Brief:
Starting at the first line of the entries below, please return exactly each line up to and including the one with "msp.add_circle(centre, radius, dxfattribs=at)"; pictures stay out.

=== Section Start ===

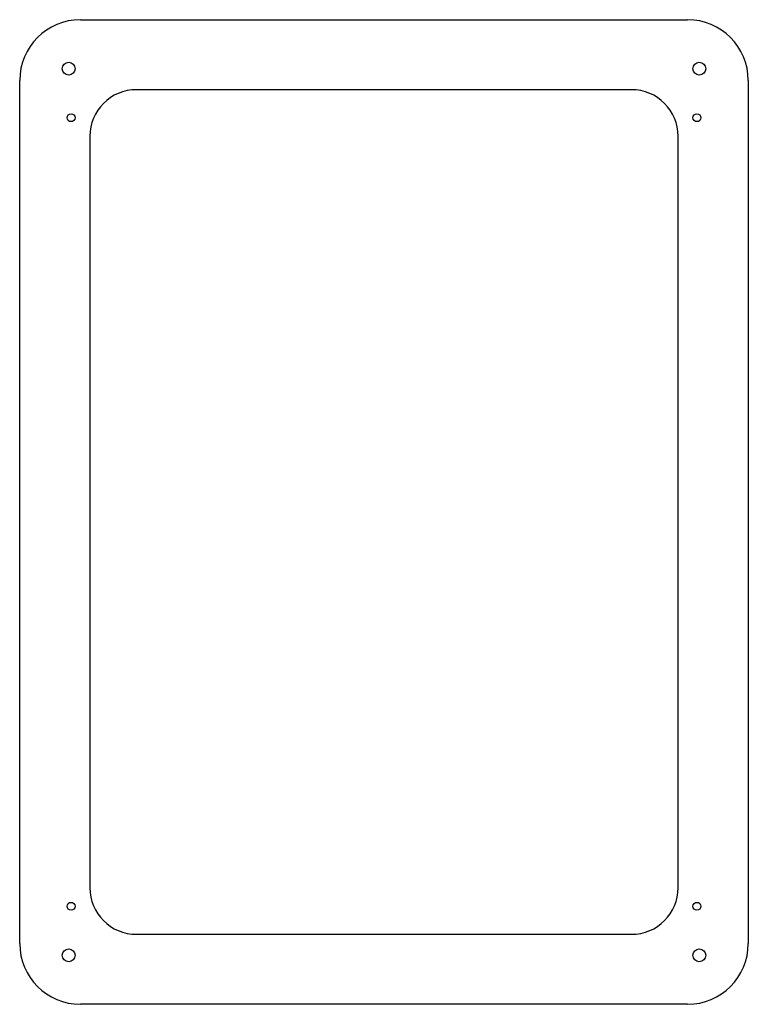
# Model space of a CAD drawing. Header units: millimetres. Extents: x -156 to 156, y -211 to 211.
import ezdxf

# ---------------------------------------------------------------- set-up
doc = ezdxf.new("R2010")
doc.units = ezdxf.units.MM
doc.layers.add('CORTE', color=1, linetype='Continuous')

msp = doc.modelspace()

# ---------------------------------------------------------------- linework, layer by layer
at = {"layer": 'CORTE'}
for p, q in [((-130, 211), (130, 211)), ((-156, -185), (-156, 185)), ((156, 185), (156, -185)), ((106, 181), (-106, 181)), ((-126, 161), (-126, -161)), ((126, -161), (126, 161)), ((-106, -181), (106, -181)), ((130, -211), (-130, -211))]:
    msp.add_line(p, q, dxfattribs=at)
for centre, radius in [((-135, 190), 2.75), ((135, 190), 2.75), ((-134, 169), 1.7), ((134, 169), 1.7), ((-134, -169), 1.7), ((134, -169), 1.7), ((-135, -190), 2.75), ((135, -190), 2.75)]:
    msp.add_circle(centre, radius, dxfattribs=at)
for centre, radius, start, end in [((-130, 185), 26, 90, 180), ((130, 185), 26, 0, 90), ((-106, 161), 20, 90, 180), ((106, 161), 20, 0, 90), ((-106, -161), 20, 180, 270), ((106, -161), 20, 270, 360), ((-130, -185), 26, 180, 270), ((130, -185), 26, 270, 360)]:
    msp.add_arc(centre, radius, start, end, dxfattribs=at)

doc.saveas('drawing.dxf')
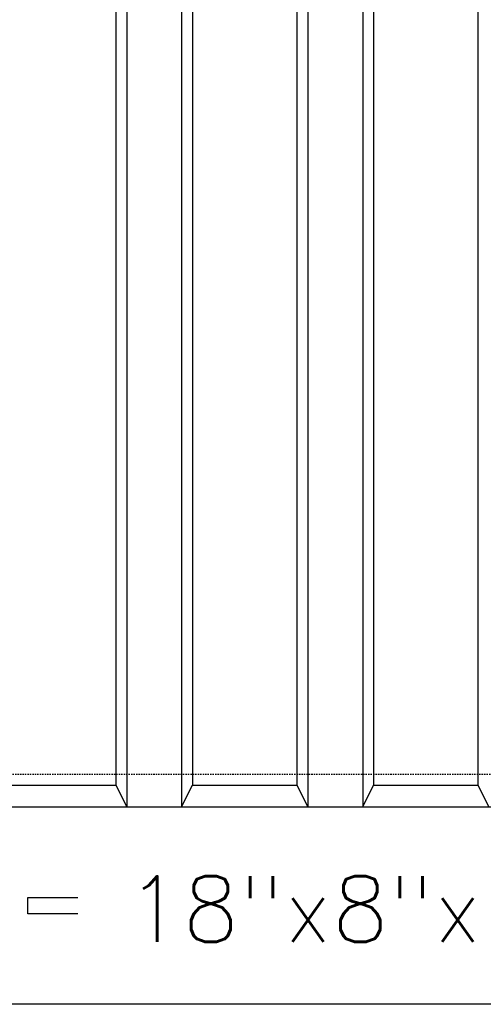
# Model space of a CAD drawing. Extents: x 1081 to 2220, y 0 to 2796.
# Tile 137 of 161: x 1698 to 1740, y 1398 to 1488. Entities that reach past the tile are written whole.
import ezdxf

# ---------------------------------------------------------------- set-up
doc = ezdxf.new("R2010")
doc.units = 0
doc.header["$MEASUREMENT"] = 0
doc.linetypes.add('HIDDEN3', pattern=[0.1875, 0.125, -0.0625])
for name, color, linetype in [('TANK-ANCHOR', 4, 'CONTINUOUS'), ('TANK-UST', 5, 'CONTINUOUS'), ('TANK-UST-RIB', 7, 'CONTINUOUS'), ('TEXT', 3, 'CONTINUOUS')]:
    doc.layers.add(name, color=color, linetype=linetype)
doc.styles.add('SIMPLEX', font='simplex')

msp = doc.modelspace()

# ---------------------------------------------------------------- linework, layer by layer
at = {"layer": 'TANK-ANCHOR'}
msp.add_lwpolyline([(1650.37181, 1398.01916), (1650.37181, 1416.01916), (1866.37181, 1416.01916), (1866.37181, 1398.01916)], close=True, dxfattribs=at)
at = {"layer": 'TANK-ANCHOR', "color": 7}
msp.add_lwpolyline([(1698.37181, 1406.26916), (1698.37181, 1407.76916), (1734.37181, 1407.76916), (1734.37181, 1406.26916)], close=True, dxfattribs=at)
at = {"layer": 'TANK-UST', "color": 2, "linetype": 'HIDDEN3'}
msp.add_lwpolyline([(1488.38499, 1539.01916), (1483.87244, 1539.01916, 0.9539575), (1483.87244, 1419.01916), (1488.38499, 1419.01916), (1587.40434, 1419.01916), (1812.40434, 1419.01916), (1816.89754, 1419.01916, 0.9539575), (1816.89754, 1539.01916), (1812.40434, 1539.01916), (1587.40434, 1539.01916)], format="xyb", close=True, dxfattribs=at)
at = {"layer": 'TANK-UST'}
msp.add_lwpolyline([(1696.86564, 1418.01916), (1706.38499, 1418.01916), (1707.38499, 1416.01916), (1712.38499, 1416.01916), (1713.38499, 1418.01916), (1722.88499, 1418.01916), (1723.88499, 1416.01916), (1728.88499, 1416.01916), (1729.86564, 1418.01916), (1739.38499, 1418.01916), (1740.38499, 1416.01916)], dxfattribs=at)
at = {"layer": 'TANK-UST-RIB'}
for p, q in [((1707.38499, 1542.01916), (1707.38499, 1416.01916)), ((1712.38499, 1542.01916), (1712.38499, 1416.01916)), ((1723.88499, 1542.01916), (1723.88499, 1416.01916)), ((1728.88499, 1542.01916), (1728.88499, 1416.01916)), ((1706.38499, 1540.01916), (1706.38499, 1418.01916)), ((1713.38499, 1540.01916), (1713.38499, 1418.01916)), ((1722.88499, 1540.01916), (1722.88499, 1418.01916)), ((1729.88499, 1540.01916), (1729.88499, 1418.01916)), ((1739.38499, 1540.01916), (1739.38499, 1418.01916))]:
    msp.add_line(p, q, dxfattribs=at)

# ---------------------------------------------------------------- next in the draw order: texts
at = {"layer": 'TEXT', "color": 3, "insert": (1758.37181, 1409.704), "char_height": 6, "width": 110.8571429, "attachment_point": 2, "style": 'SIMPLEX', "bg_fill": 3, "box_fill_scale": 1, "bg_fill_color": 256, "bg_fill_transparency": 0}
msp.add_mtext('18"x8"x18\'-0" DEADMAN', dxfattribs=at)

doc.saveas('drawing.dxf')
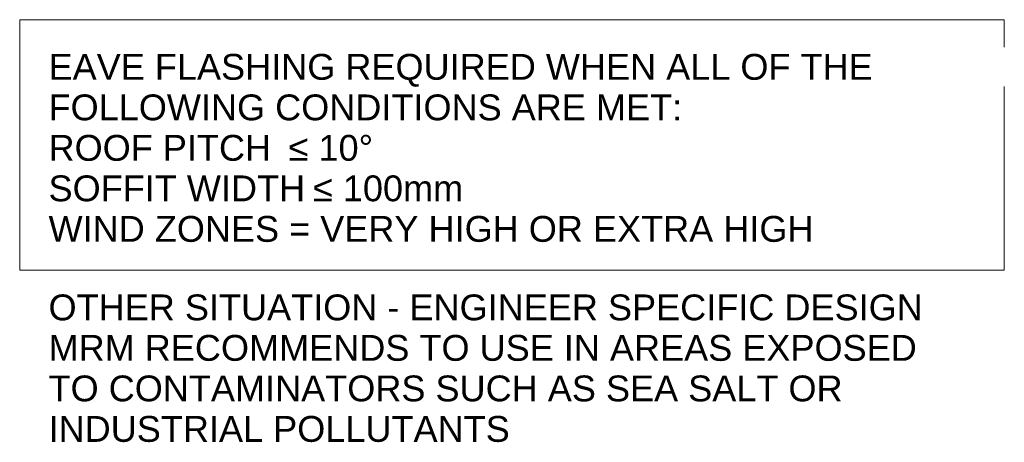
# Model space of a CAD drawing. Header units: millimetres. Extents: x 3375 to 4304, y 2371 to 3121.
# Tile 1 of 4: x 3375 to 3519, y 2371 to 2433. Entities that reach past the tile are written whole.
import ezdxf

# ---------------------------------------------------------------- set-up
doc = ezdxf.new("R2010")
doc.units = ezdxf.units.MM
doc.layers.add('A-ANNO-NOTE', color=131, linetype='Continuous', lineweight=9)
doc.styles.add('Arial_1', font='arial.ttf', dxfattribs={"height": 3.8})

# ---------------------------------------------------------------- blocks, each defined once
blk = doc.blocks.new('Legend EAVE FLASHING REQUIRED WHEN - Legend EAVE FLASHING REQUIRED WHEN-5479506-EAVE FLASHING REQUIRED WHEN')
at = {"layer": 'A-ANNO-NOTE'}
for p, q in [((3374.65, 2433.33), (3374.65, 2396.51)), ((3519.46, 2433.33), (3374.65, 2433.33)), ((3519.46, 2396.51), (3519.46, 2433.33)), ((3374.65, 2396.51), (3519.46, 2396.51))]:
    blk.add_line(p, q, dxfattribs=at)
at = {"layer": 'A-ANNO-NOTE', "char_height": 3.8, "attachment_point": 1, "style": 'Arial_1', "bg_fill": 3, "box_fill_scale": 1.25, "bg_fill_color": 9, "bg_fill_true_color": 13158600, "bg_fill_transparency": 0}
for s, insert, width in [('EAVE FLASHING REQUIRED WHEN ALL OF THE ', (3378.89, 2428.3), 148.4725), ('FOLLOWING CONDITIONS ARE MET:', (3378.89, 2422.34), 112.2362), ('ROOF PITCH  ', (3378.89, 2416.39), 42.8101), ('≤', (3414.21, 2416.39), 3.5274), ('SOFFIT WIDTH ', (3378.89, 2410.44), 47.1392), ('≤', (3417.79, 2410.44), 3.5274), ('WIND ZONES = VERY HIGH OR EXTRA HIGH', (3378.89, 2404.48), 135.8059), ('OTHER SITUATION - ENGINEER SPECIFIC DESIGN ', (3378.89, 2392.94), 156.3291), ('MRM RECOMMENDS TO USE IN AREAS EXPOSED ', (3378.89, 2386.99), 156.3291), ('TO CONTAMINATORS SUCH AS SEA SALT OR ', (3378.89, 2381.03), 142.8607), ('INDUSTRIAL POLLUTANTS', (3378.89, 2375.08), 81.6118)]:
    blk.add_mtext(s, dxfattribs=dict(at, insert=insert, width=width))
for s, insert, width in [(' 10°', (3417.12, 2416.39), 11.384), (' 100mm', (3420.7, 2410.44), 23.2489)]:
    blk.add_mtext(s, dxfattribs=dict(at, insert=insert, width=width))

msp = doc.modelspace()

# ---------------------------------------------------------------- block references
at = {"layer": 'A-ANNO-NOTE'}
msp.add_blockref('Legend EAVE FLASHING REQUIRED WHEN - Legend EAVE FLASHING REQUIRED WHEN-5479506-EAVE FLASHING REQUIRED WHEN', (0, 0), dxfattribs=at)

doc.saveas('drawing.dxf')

=== Section End ===

Completed exercise:
# Model space of a CAD drawing. Header units: millimetres. Extents: x -156 to 156, y -211 to 211.
import ezdxf

# ---------------------------------------------------------------- set-up
doc = ezdxf.new("R2010")
doc.units = ezdxf.units.MM
doc.layers.add('CORTE', color=1, linetype='Continuous')

msp = doc.modelspace()

# ---------------------------------------------------------------- linework, layer by layer
at = {"layer": 'CORTE'}
for p, q in [((-130, 211), (130, 211)), ((-156, -185), (-156, 185)), ((156, 185), (156, -185)), ((106, 181), (-106, 181)), ((-126, 161), (-126, -161)), ((126, -161), (126, 161)), ((-106, -181), (106, -181)), ((130, -211), (-130, -211))]:
    msp.add_line(p, q, dxfattribs=at)
for centre, radius in [((-135, 190), 2.75), ((135, 190), 2.75), ((-134, 169), 1.7), ((134, 169), 1.7), ((-134, -169), 1.7), ((134, -169), 1.7), ((-135, -190), 2.75), ((135, -190), 2.75)]:
    msp.add_circle(centre, radius, dxfattribs=at)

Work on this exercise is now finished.